#### INPUT DATA ####
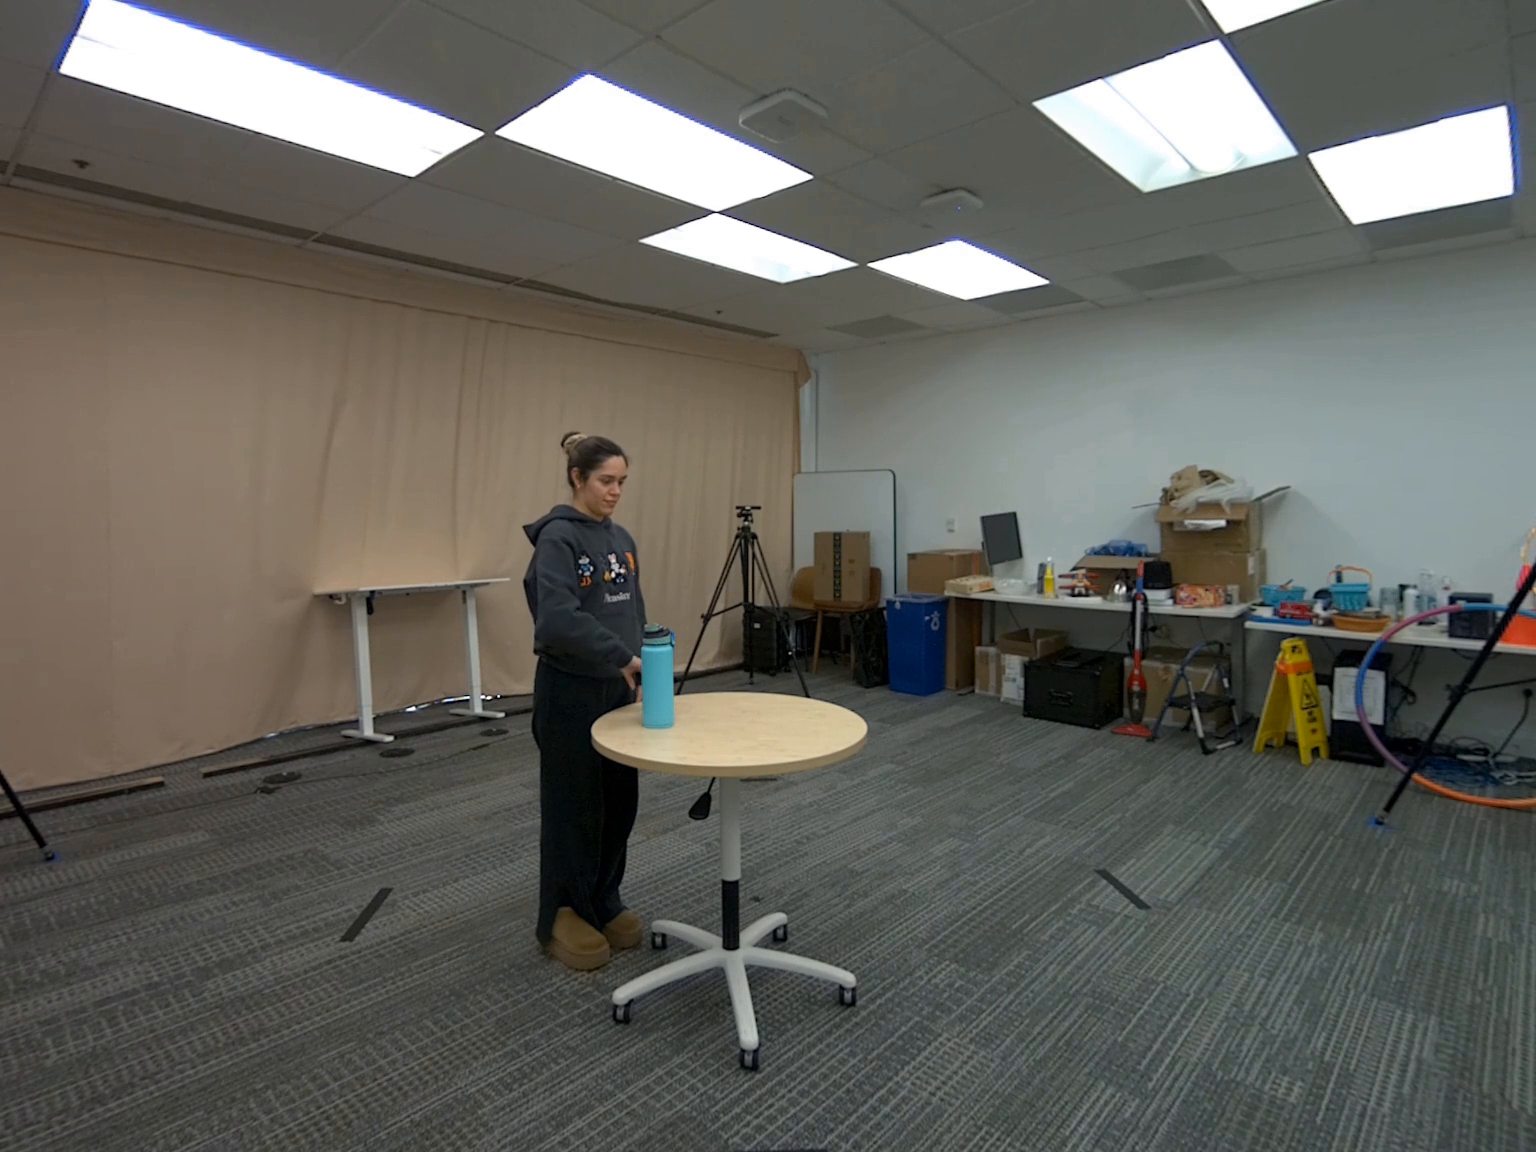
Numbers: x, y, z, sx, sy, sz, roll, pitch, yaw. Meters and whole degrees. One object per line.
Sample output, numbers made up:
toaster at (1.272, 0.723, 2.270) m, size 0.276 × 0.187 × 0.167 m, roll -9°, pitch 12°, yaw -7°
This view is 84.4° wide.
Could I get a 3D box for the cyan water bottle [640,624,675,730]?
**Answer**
cyan water bottle at (-0.305, 0.283, 2.346) m, size 0.092 × 0.283 × 0.092 m, roll -2°, pitch 2°, yaw -2°
####
→ **EXERCISE REQUIREMENTS**
Each entry should be set down exactly, pictures excluded.

→ **TASK SOLUTION**
Numbers: x, y, z, sx, sy, sz, roll, pitch, yaw. Meters and whole degrees. One object per line.
Sample output, numbers made up:
toaster at (1.272, 0.723, 2.270) m, size 0.276 × 0.187 × 0.167 m, roll -9°, pitch 12°, yaw -7°
This view is 84.4° wide.
Could I get a 3D box for the cyan water bottle [640,624,675,730]?
**Answer**
cyan water bottle at (-0.305, 0.283, 2.346) m, size 0.092 × 0.283 × 0.092 m, roll -2°, pitch 2°, yaw -2°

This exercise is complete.